Overview
A Phase 2b/3 multicenter, randomized, double-blind, placebo-controlled, parallel group study to evaluate the efficacy, safety and tolerability of MN-166 given to ALS participants for 12 months followed by a 6-month open-label extension phase.
Description
This is a Phase 2b/3 multicenter, randomized, double-blind, placebo-controlled, parallel group study to evaluate the efficacy, safety and tolerability of MN-166 followed by an open-label extension phase compared to matching placebo in subjects diagnosed with ALS.

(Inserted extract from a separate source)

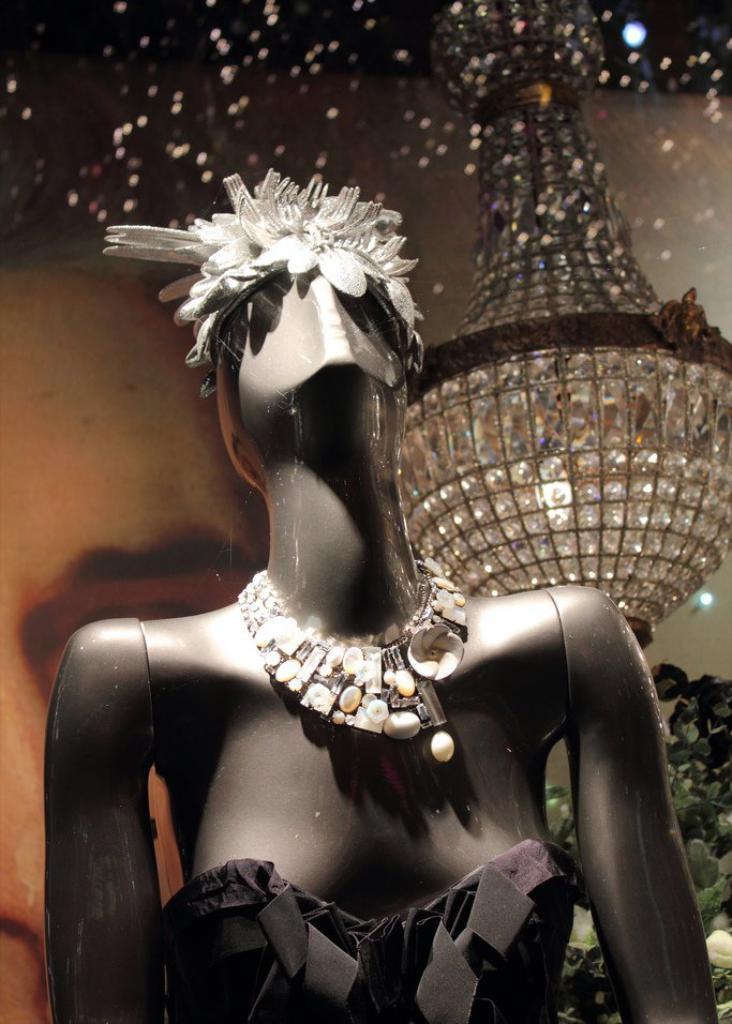How would you summarize this image in a sentence or two? There is a mannequin,it wore a crown and necklace and black dress,behind the mannequin there is a glass and behind the glass a huge light is hanged to the roof.

The study will consist of a screening phase (up to 30 days) followed by a double-blind phase (12 months). Following the screening phase, subjects who continue to meet entry criteria will be randomly assigned to one of two treatment groups: MN-166 or matching placebo in a 1:1 ratio. Upon completion of the double-blind phase, subjects will be given the option to continue to the Open-label Extension Phase for a period of six months.
Eligibility
Major Inclusion Criteria:
- Male or female subjects age 18 - 80 years, inclusive;
- Diagnosis of familial or sporadic ALS as defined by the El Escorial-Revised (2000) research diagnostic criteria for ALS [clinically definite, clinically probable, probable-laboratory-supported];
- ALS onset of ≤18 months from first clinical signs of weakness prior to screening;
- If currently using riluzole, subject must be on a stable dose for at least 30 days prior to initiation of study drug;
- If currently using edaravone, subject should have completed at least 14 days of their initial treatment cycle prior to initiation of study drug;
- Last documented pulmonary function test result (i.e., slow vital capacity or forced vital capacity) must be greater than or equal to 70% predicted;
- Able to swallow study medication capsules;
- No known allergies to the study drug or its excipients;
- Received pneumococcal vaccine within 6 years prior to starting clinical trial.
Major Exclusion Criteria:
- Confirmed hepatic insufficiency or abnormal liver function (AST and/or ALT >3 times upper limit of normal);
- Currently diagnosed with a clinically significant psychiatric disorder or dementia that would preclude evaluation of symptoms;
- Currently use or treated with parenteral (intramuscular or intravenous) high dose (>25 mg/week) Vitamin B12 within 30 days prior to study drug administration;
- Poor peripheral venous access that will limit the ability to draw blood as judged by the Investigator;
- Currently participating, or has participated in a study with an investigational or marketed compound or device within 30 days or 5 half-lives, whichever is shorter, prior to signing the informed consent;
- Use of tracheostomy or >22/24-hour ventilatory support.